Una investigación de la UNLaM analizó el perfil de los productores locales y aportó datos inéditos sobre sus formas de trabajo, uso de la tierra y dinámicas productivas.
Por Florencia Belén Mogno
La agricultura familiar se consolidó como un componente clave dentro del sistema productivo, al ocupar un lugar estratégico en la provisión de alimentos a nivel nacional. Este sector, sostenido en gran medida por el trabajo de las familias, adquirió relevancia tanto por su capacidad productiva como por su presencia extendida en distintos territorios.
En ese marco, su desarrollo estuvo atravesado por múltiples condicionantes, entre ellos la informalidad y las dificultades para adaptarse a normativas vigentes. A pesar de ello, su peso dentro del entramado agropecuario resultó significativo, ya que reunió a una gran parte de los productores del país.
Desde esta perspectiva, el análisis de las características específicas de esta práctica se volvió necesario para comprender su funcionamiento, sus desafíos y su potencial dentro de la economía regional.
En ese sentido y de acuerdo con el material al que accedió Diario NCO, una investigación impulsada desde la Universidad Nacional de La Matanza se propuso analizar en profundidad a los agricultores familiares del distrito, a partir de un abordaje que combinó herramientas cualitativas y cuantitativas.
Un relevamiento inédito en el territorio
En sintonía con lo planteado anteriormente, cabe mencionar y destacar que el estudio se desarrolló y se extendió durante varios años, lo que permitió consolidar una base de datos amplia sobre el sector.
El trabajo derivó en una publicación que reunió tanto los resultados del relevamiento como un análisis más amplio sobre las políticas públicas vinculadas a la producción y comercialización agroalimentaria en el periurbano bonaerense.
Uno de los aportes centrales de la investigación estuvo vinculado a la generación de información estadística, en un contexto donde no existían registros recientes sobre la temática. En este sentido, la encuesta realizada funcionó prácticamente como un censo de los productores del distrito.
De acuerdo con el documento, la mayoría de los agricultores relevados se encuadró dentro de la categoría de agricultura familiar, en función de variables como el uso de la tierra, las tecnologías empleadas y las formas de gestión.
Asimismo, se identificó que más del 77 por ciento de las personas encuestadas era oriunda de La Matanza, mientras que un porcentaje menor provenía de otros distritos del conurbano bonaerense o de países limítrofes.
Uso de la tierra y actividades productivas
El análisis también permitió observar cómo se distribuyó el uso del suelo dentro del territorio estudiado. En este sentido, se registró una mayor presencia de superficies destinadas a forrajes y pastizales, mientras que la producción hortícola ocupó una proporción menor.
Mientras tanto y en vinculación con las actividades asociadas a la producción animal, la investigación destacó el predominio de la apicultura, seguida por la cría de bovinos, aves y ovinos.
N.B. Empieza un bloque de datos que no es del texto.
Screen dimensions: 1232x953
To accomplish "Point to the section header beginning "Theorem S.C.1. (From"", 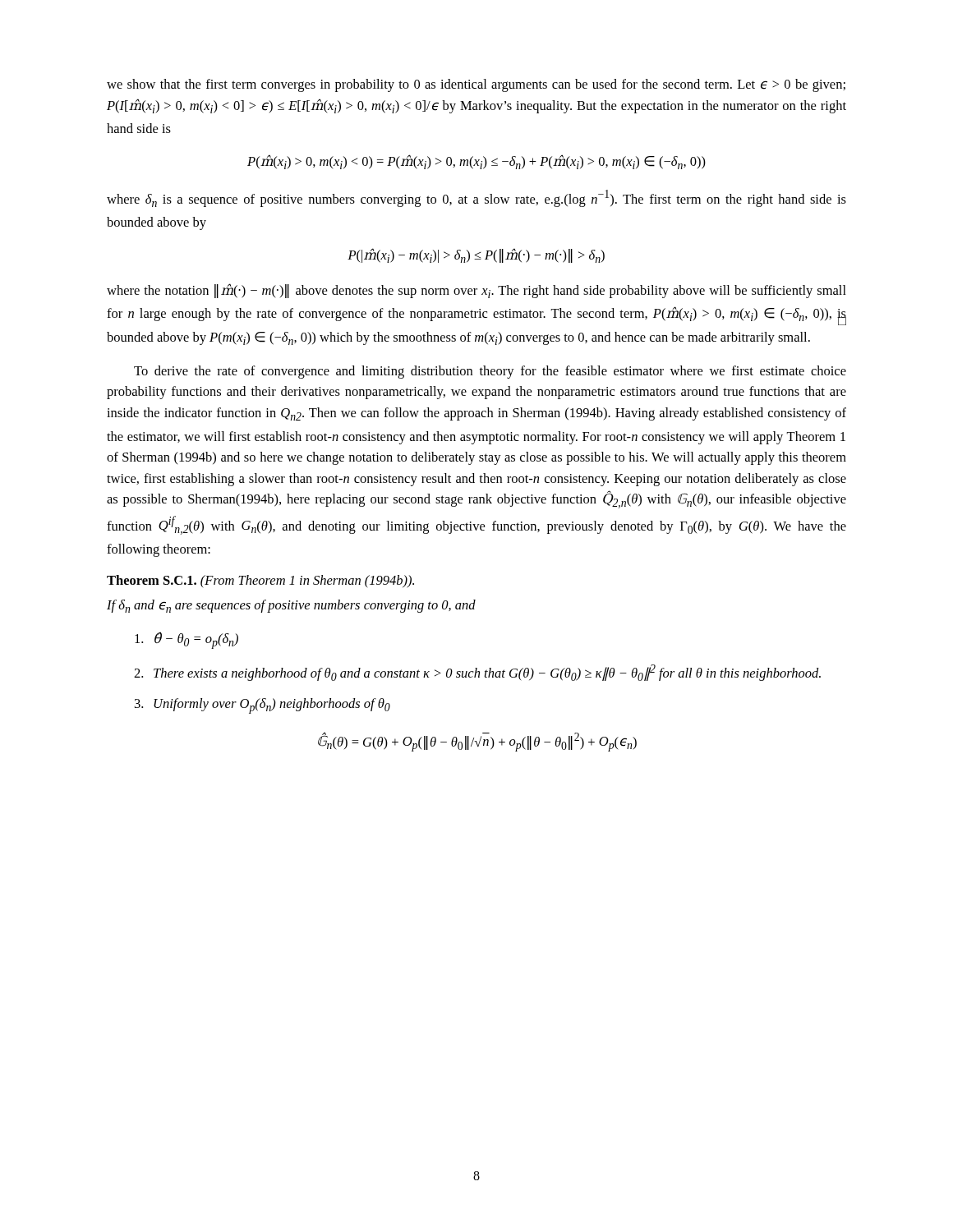I will tap(261, 580).
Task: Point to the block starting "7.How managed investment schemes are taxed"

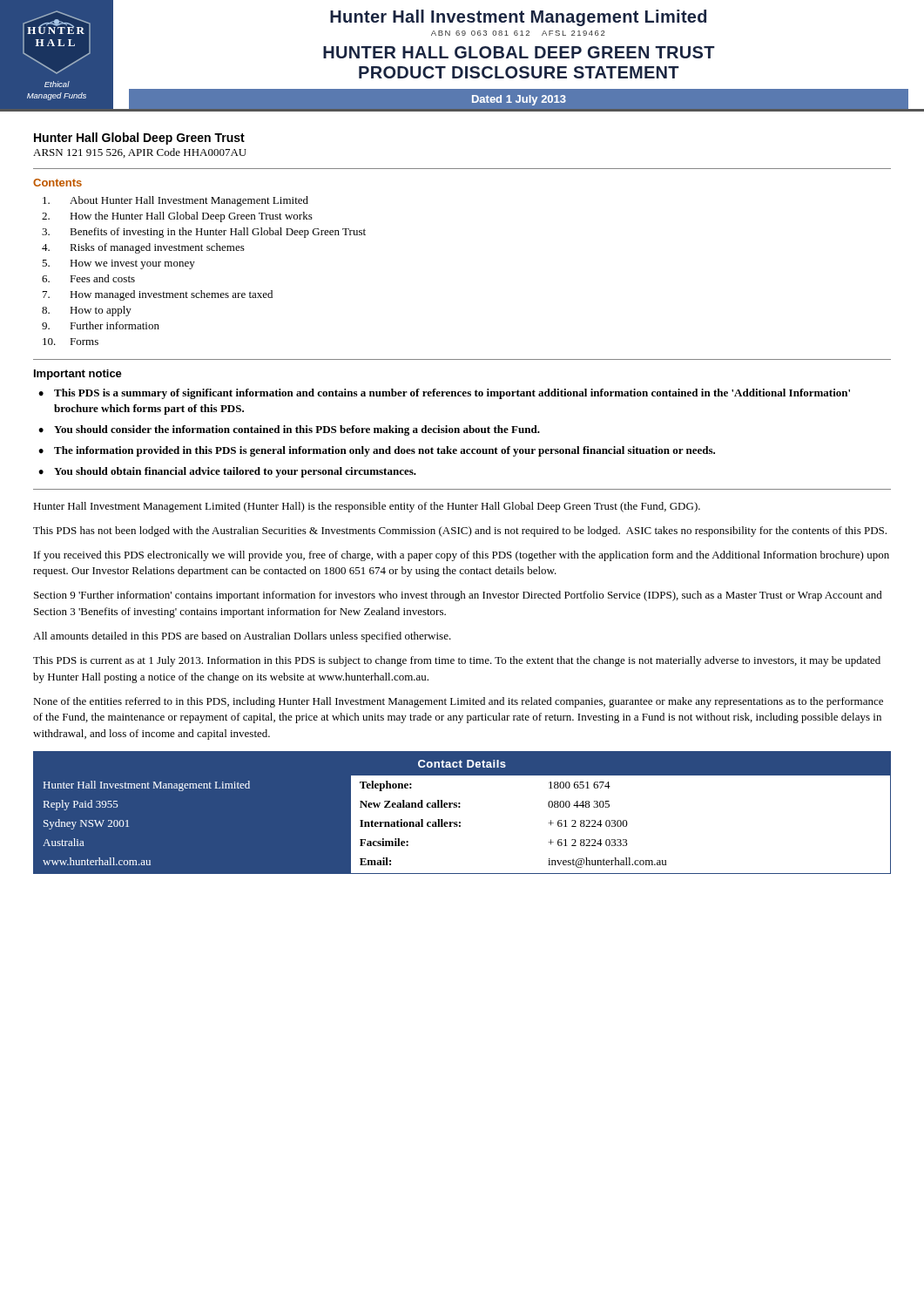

Además, una parte de los productores también desarrolló actividades complementarias con fines comerciales, como la venta de miel fraccionada, la elaboración de productos derivados y otras iniciativas vinculadas a la producción local.
Condiciones de tenencia, organización del trabajo
Otro de los aspectos relevados estuvo relacionado con la situación de tenencia de la tierra. En este punto, se identificó que una proporción importante de productores era propietaria de las parcelas que trabajaba, mientras que otros sectores se desempeñaban bajo modalidades de ocupación con o sin permiso.
De esta manera, este escenario evidenció la existencia de distintos niveles de estabilidad dentro del sector, así como situaciones de mayor vulnerabilidad asociadas a la falta de formalización. Estas condiciones influyeron en las formas de organización del trabajo y en las posibilidades de desarrollo de las unidades productivas.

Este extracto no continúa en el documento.